Yoni won't be drawn on working titles or lyrical themes in the new material, so I change tack and ask if it has more in common with the beats-and-samples version of WHY?, or the more recent piano and melodies style heard on their most recent album Eskimo Snow. "I have of the nineteen I'd call rap songs, the other half, I dunno… more melody and chords sort of thing," he says. "I tried to get rid of the electric guitars. Maybe just for stabs but nothing sustaining or long… it eats up so much of the high mid-range where the vocals sit. It's mainly percussion-based I would say, that's the driving force."

I wonder if Yoni likes the dual lifestyles of being closeted away writing for months on end, and then being cast into the constant travel involved in touring. "I haven't quite figured it out yet, especially with my health," he says. "I have to figure out being back on the road… I can't eat food at restaurants, you know. I have to figure out how to do this without getting sick again. I think the fact that I'll have a house that I can always go back to will make it feel a whole lot better. Like, we go out for a month, then come back for a couple weeks, then go out for another month… I think that'll work. But I do like the different lifestyles."

And what's his favourite part of it all? "Most of me is satisfied with the creative process, creating and writing," he says quickly. "But I love to travel, I love to see different places, and I like playing shows as well. So that does satisfy, but in the same deep satisfaction as the creative process."

And it must be exciting to take the new work out in front of crowds. "There's definitely a weird ego satisfaction you get from people appreciating your songs," he admits, "which I tend to think of as the dark side of things. But it's also kinda nice. You can see that people appreciate the work that you do."

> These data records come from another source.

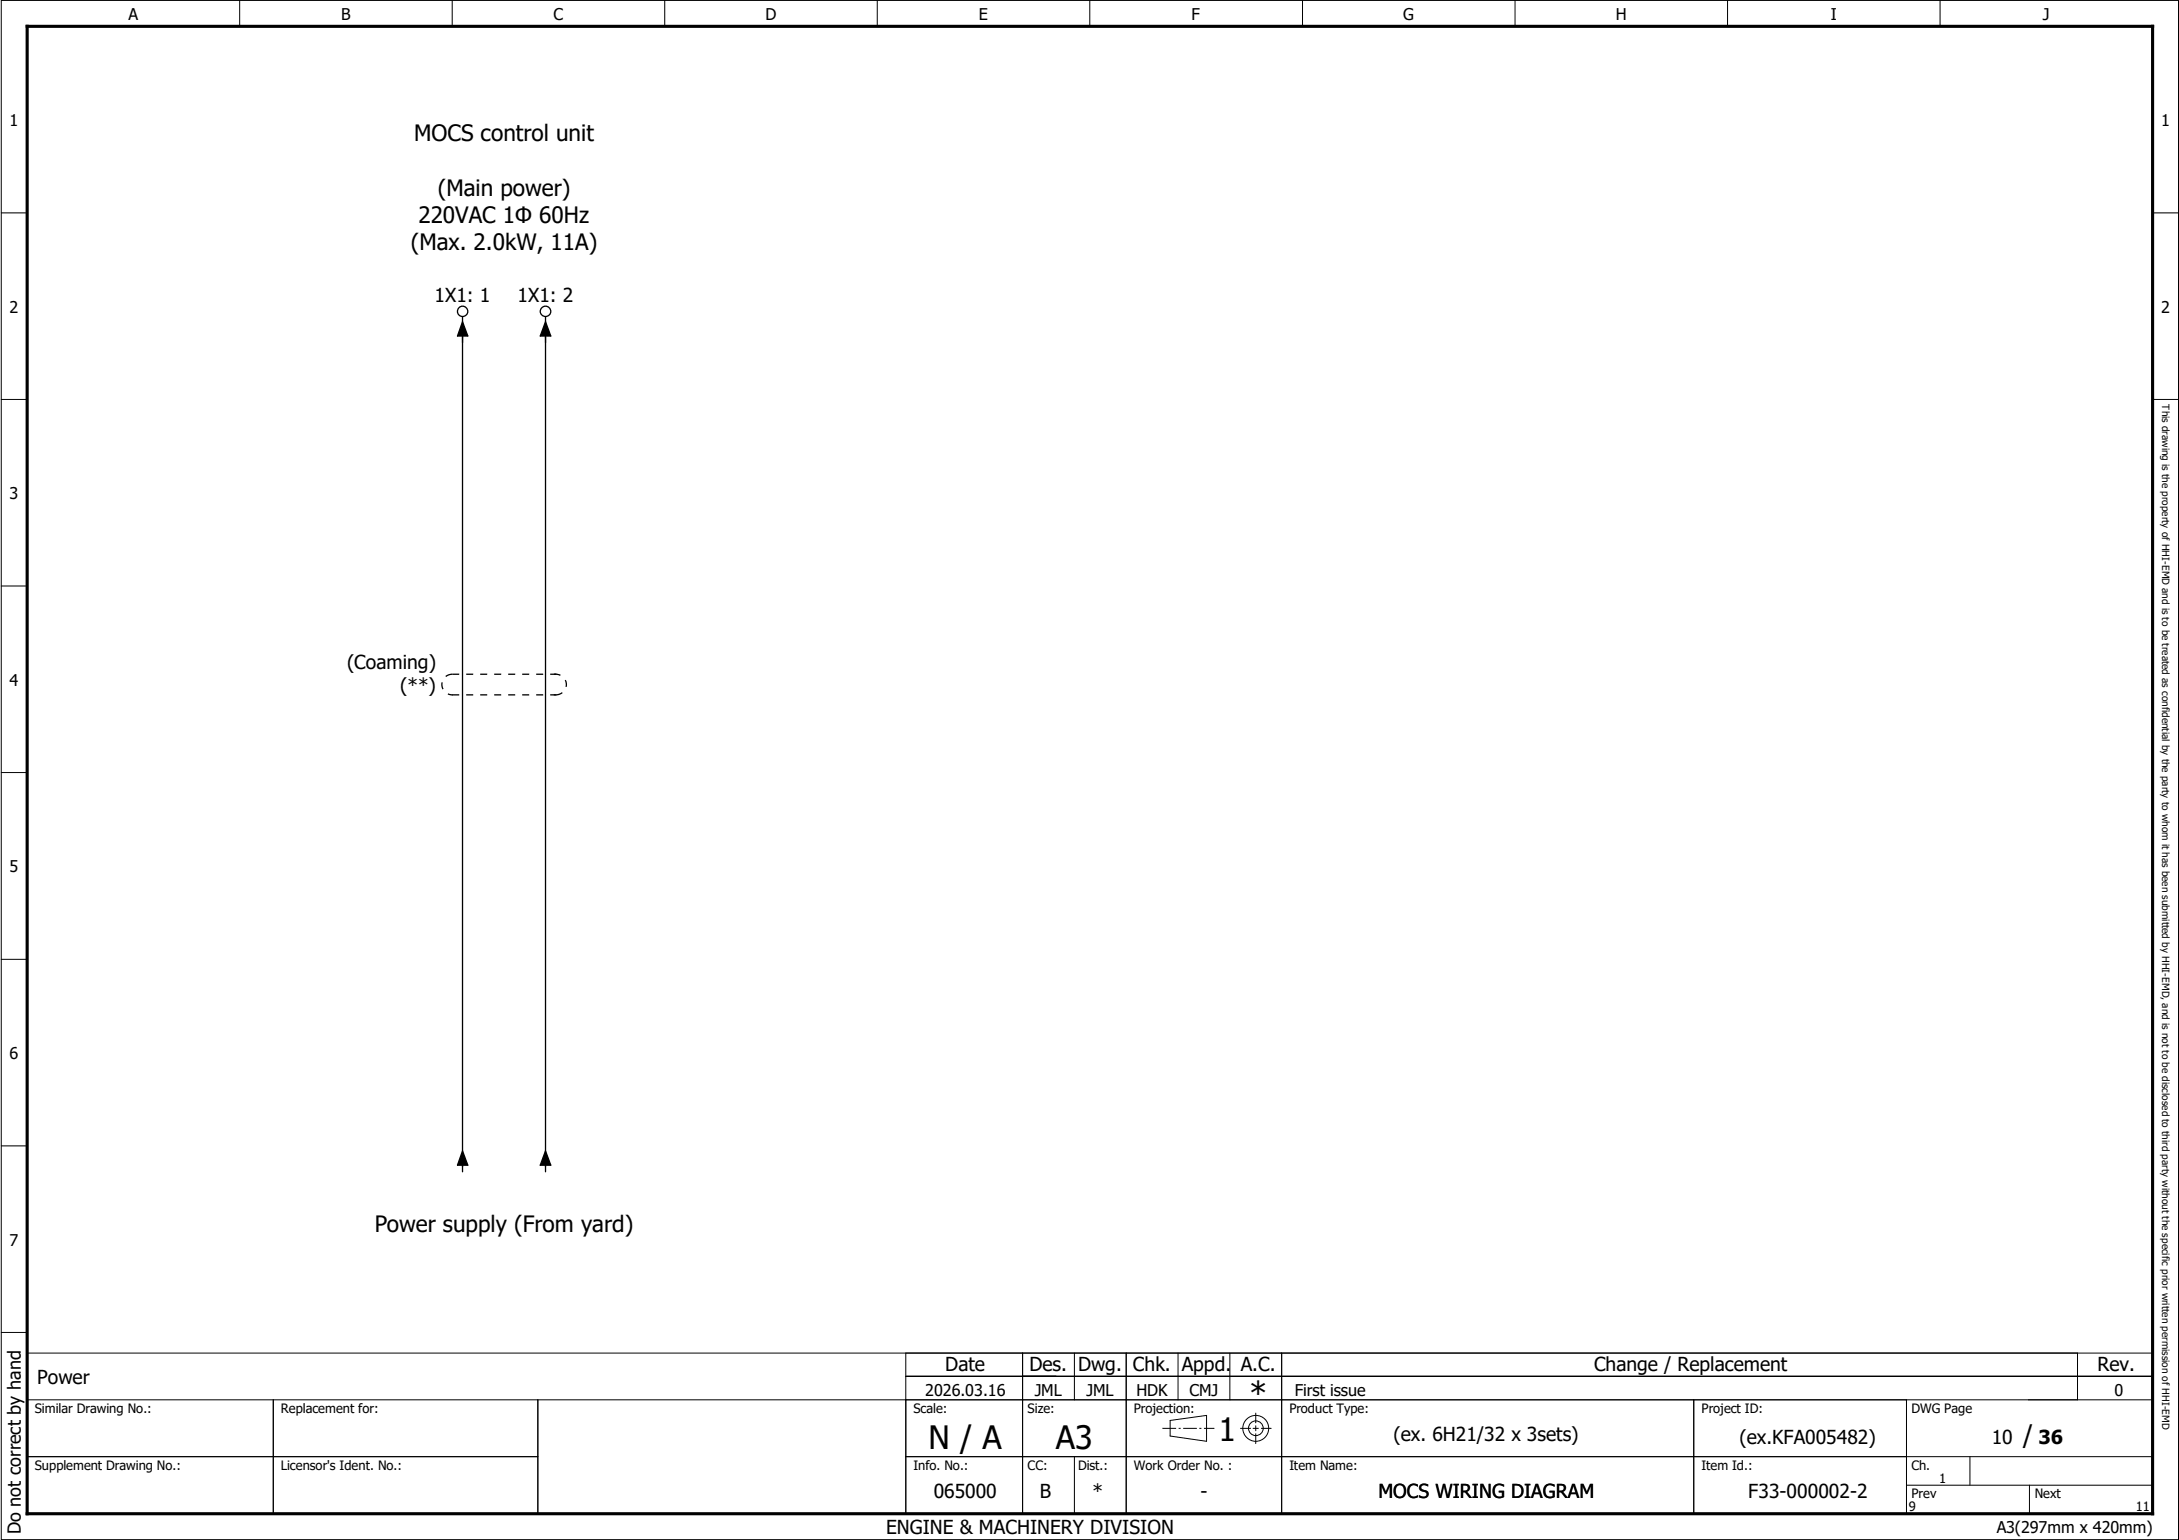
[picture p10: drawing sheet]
<svg xmlns="http://www.w3.org/2000/svg" width="420mm" height="297mm" viewBox="0 0 420 297" stroke-linecap="round" stroke-linejoin="round" font-family="sans-serif">
<defs><g id="words">
<g font-size="6.2">
<text x="240.9" y="270.9">*</text>
<text x="179.1" y="279.4">N / A</text>
<text x="203.6" y="279.4">A3</text>
<text x="234.9" y="278">1</text>
</g>
<text font-size="5" x="390.1" y="278.5">/</text>
<g font-size="4.3">
<text x="79.9" y="27.3">MOCS control unit</text>
<text x="84.4" y="37.8">(Main power)</text>
<text x="80.7" y="43">220VAC 1Φ 60Hz</text>
<text x="79.2" y="48.3">(Max. 2.0kW, 11A)</text>
<text x="72.3" y="237.7">Power supply (From yard)</text>
</g>
<g font-size="3.7">
<text x="83.8" y="58.3">1X1: 1</text>
<text x="99.8" y="58.3">1X1: 2</text>
<text x="66.9" y="128.9">(Coaming)</text>
<text x="77.2" y="133.4">(**)</text>
<text x="7.2" y="267">Power</text>
<text x="182.3" y="264.5">Date</text>
<text x="198.5" y="264.5">Des. Dwg. Chk. Appd. A.C.</text>
<text x="307.4" y="264.5">Change / Replacement</text>
<text x="404.4" y="264.5">Rev.</text>
<text x="268.7" y="278">(ex. 6H21/32 x 3sets)</text>
<text x="335.4" y="278.5">(ex.KFA005482)</text>
<text x="384" y="278.5">10</text>
<text x="393.1" y="278.5">36</text>
<text x="180" y="288.9">065000</text>
<text x="200.5" y="288.9">B</text>
<text x="210.6" y="288.9">*</text>
<text x="231.5" y="288.9">-</text>
<text x="265.8" y="288.9">MOCS WIRING DIAGRAM</text>
<text x="337.1" y="288.9">F33-000002-2</text>
<text x="170.9" y="296">ENGINE &amp; MACHINERY DIVISION</text>
</g>
<text font-size="3.5" x="4" y="296" transform="rotate(-90 4 296)">Do not correct by hand</text>
<g font-size="3.1">
<text x="24.8" y="3.8">A</text>
<text x="65.8" y="3.8">B</text>
<text x="106.8" y="3.8">C</text>
<text x="147.6" y="3.8">D</text>
<text x="188.8" y="3.8">E</text>
<text x="229.8" y="3.8">F</text>
<text x="270.5" y="3.8">G</text>
<text x="311.6" y="3.8">H</text>
<text x="353" y="3.8">I</text>
<text x="393.9" y="3.8">J</text>
<text x="1.9" y="24.3">1</text>
<text x="416.7" y="24.3">1</text>
<text x="1.9" y="60.3">2</text>
<text x="416.7" y="60.3">2</text>
<text x="1.9" y="96.3">3</text>
<text x="1.9" y="132.2">4</text>
<text x="1.9" y="168.2">5</text>
<text x="1.9" y="204.2">6</text>
<text x="1.9" y="240.2">7</text>
<text x="178.4" y="269.2">2026.03.16</text>
<text x="199.5" y="269.2">JML</text>
<text x="209.5" y="269.2">JML</text>
<text x="219.1" y="269.2">HDK</text>
<text x="229.4" y="269.2">CMJ</text>
<text x="249.6" y="269.2">First issue</text>
<text x="407.7" y="269.2">0</text>
<text x="385" y="295.7">A3(297mm x 420mm)</text>
</g>
<g font-size="2.5">
<text x="6.7" y="272.5">Similar Drawing No.:</text>
<text x="54.2" y="272.5">Replacement for:</text>
<text x="176.1" y="272.5">Scale:</text>
<text x="198.2" y="272.5">Size:</text>
<text x="218.6" y="272.5">Projection:</text>
<text x="248.6" y="272.5">Product Type:</text>
<text x="328.1" y="272.5">Project ID:</text>
<text x="368.6" y="272.5">DWG Page</text>
<text x="6.7" y="283.5">Supplement Drawing No.:</text>
<text x="54.2" y="283.5">Licensor's Ident. No.:</text>
<text x="176.1" y="283.5">Info. No.:</text>
<text x="198.2" y="283.5">CC:</text>
<text x="207.9" y="283.5">Dist.:</text>
<text x="218.6" y="283.5">Work Order No. :</text>
<text x="248.6" y="283.5">Item Name:</text>
<text x="328.1" y="283.5">Item Id.:</text>
<text x="368.6" y="283.5">Ch.</text>
<text x="373.9" y="286">1</text>
<text x="368.1" y="291.5">9</text>
<text x="368.6" y="289">Prev</text>
<text x="392.3" y="289">Next</text>
<text x="411.9" y="291.5">11</text>
</g>
<text font-size="1.9" x="416.9" y="78" transform="rotate(90 416.9 78)">This drawing is the property of HHI-EMD and is to be treated as confidential by the party to whom it has been submitted by HHI-EMD, and is not to be disclosed to third party without the specific prior written permission of HHI-EMD</text>
</g></defs>
<path d="M297.3 0l-297.1 297.1M.2 226.9l99.2 70.1M.1 286.9l10.2 10.2" fill="none" stroke="#fff" stroke-width=".19"/>
<g fill="none" stroke="#000" stroke-width=".19">
<path d="M.2 .1h419.9v296.9h-419.9zM46.2 .1v5M87.2 .1v5M128.2 .1v5M169.2 .1v5M210.1 .1v5M251.2 .1v5M292.1 .1v5M333.1 .1v5M374.1 .1v5M.2 41.1h5M415.1 41.1h5"/>
<path d="M.2 77h5M415.1 77h5M.2 113h5M.2 149h5M.2 185h5M.2 221h5M.2 257h5M5.2 261h409.9M52.7 270v22M103.7 270v22M174.7 261v31M174.7 265.5h240.4"/>
<path d="M197.2 261v31M207.2 261v9M217.2 261v31M225.6 274l7.1-1v5l-7.1-1zM227.1 261v9M237.1 261v9M241.6 275.5h1M242.1 275v1M247.1 261v31M326.6 270v22M367.6 270v22h-362.4v-22h409.9M400.6 261v9"/>
<path d="M5.2 281h98.5M174.7 281h240.4M207.2 281v11M367.6 286.5h47.5M379.8 281v5.5M391.3 286.5v5.5"/>
<circle cx="242.1" cy="275.5" r="2.49"/>
<circle cx="242.2" cy="275.5" r="1.42"/>
</g>
<path d="M5.2 5.1h409.9v286.9h-409.9z" fill="none" stroke="#000" stroke-width=".6"/>
<path d="M224.1 275.5h10M239.1 275.5h2.1M242.1 276.5v2M242.1 272.5v2M243.2 275.5h1.9" fill="none" stroke="#000" stroke-width=".19" stroke-dasharray="2.6 .5 .4 .5" stroke-linecap="butt"/>
<g fill="#000">
<path d="M89.2 62.1l1 2.7h-2zM105.2 62.1l1 2.7h-2zM87.2 133.9l.1 .3h-.1zM106.8 133.9l.5 .1-.5 .2zM106.8 129.9l.5 .1-.5 .2zM107.1 130l.2-.1-.1 .3zM89.2 222l1 2.7h-2zM105.2 222l1 2.7h-2zM234 275.4l.2 .1h-.2zM241 275.4l.2 .1h-.2zM242.1 278.3v.3zM242.1 274.3v.2z"/>
<path d="M245 275.4l.2 .1h-.2z"/>
</g>
<path d="M174.7 265.5h240.4" fill="none" stroke="#000" stroke-width=".2"/>
<g fill="none" stroke="#000" stroke-width=".25">
<path d="M89.2 61.1v164.9M89.2 62.1l1 2.7h-2zM105.2 61.1v164.9M105.2 62.1l1 2.7h-2zM89.2 222l1 2.7h-2zM105.2 222l1 2.7h-2z"/>
<circle cx="89.2" cy="60.1" r="1"/>
<circle cx="105.2" cy="60.1" r="1.01"/>
</g>
<path d="M87.2 134h20M87.2 130h20M87.2 130a1.99 1.99 0 0 0-2 2 1.99 1.99 0 0 0 2 2M107.2 134a1.99 1.99 0 0 0 2-2 1.99 1.99 0 0 0-2-2" fill="none" stroke="#000" stroke-width=".25" stroke-dasharray="1.3 1.3" stroke-linecap="butt"/>
<use href="#words"/>
</svg>

And what's next? "Well, I hunkered down all winter, I didn't leave the house more than once a week. I'm going to New York tomorrow, I'm looking forward to some travelling and recording down in Texas. I just bought a house, closed on it yesterday. I live in Cincinnati. It's getting fixed up, and I'll have my own place, which is something I haven't had for years."

Putting down roots, then pulling them up. As you read this, Yoni Wolf's next time capsule is being chosen and packed, and later in 2011 it's contents will be revealed to the world. We can't know what's in there yet, but the wait will be worth it. Every WHY? album is a treasure trove, and this latest one will be no different.